_Supplied records_:
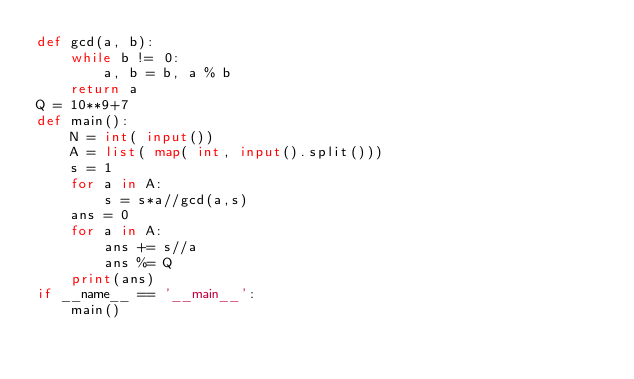<code> <loc_0><loc_0><loc_500><loc_500><_Python_>def gcd(a, b):
    while b != 0:
        a, b = b, a % b
    return a
Q = 10**9+7
def main():
    N = int( input())
    A = list( map( int, input().split()))
    s = 1
    for a in A:
        s = s*a//gcd(a,s)
    ans = 0
    for a in A:
        ans += s//a
        ans %= Q
    print(ans)
if __name__ == '__main__':
    main()
</code> 
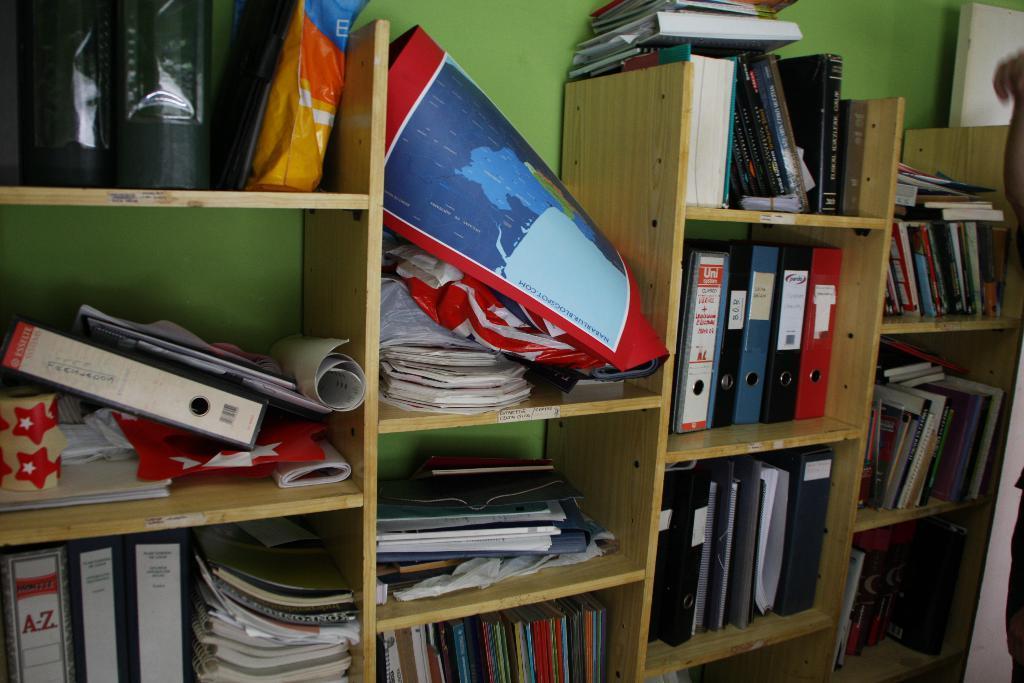How would you summarize this image in a sentence or two? In this image I can see few books and papers in the racks, background the wall is in green color. 
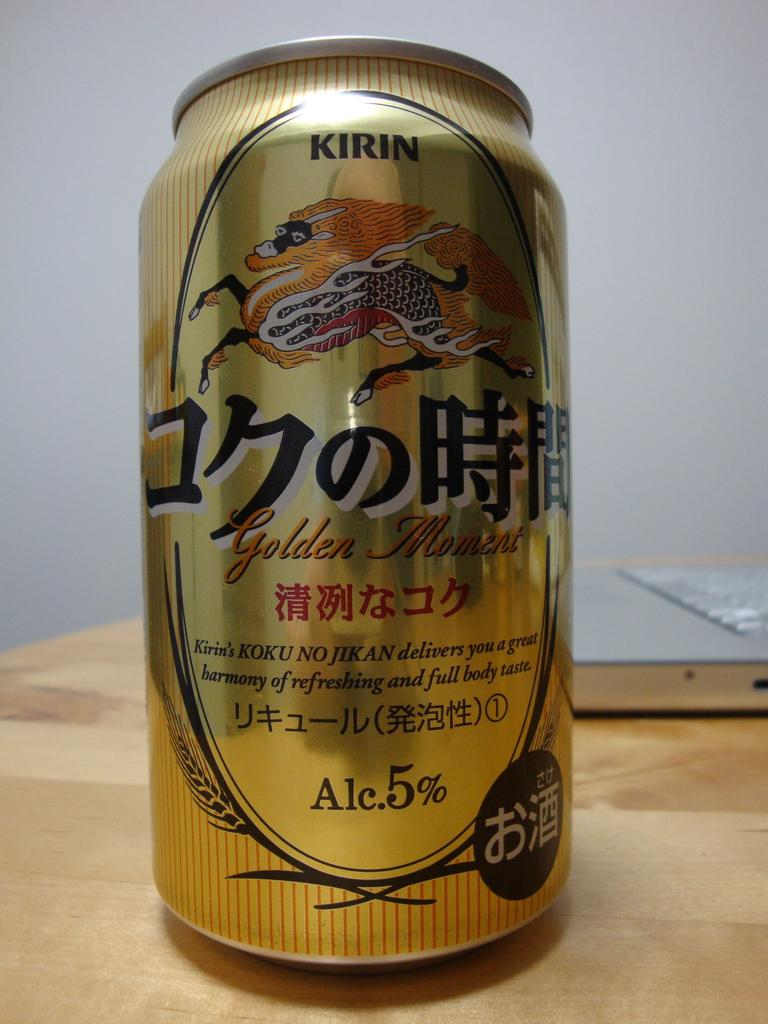<image>
Provide a brief description of the given image. Can of Kirin Golden Moment containing 5% alcohol. 
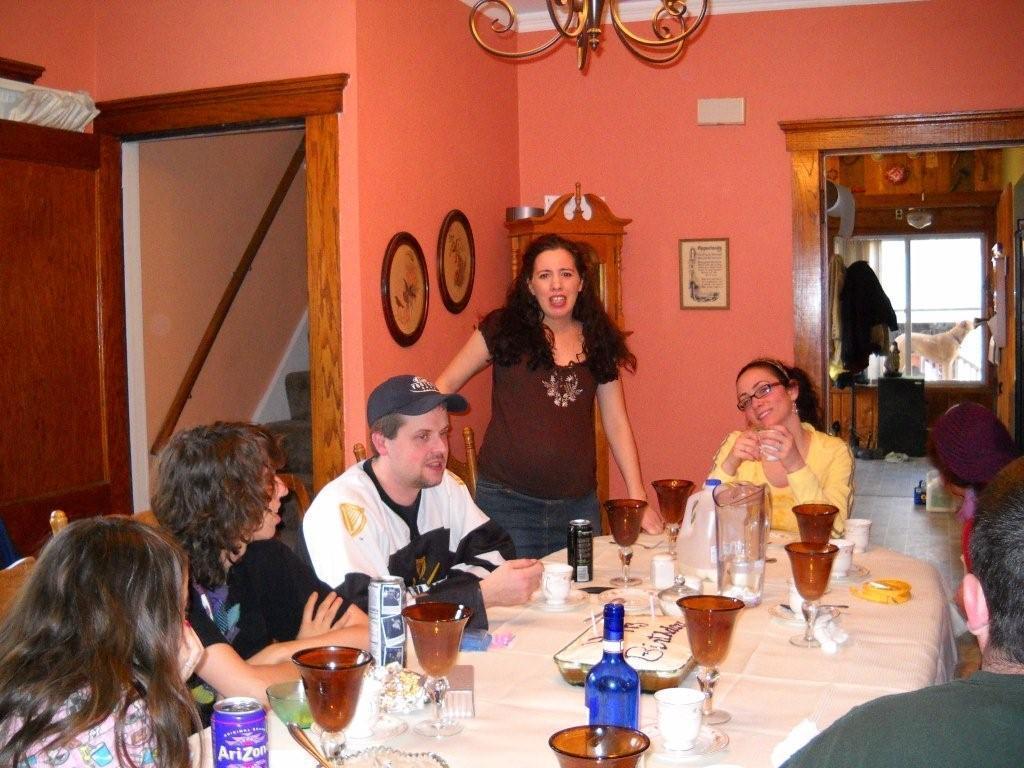Could you give a brief overview of what you see in this image? in this image i can see a group persons sitting on the chair and her mouth was open and there are the photo frames attached to the wall and stair case on the house. there is a window on the right corner ,through window i can see a dog

_Task goal_: From the records given above, copy all lines containing "input".

_Written reply_:
    N = int( input())
    A = list( map( int, input().split()))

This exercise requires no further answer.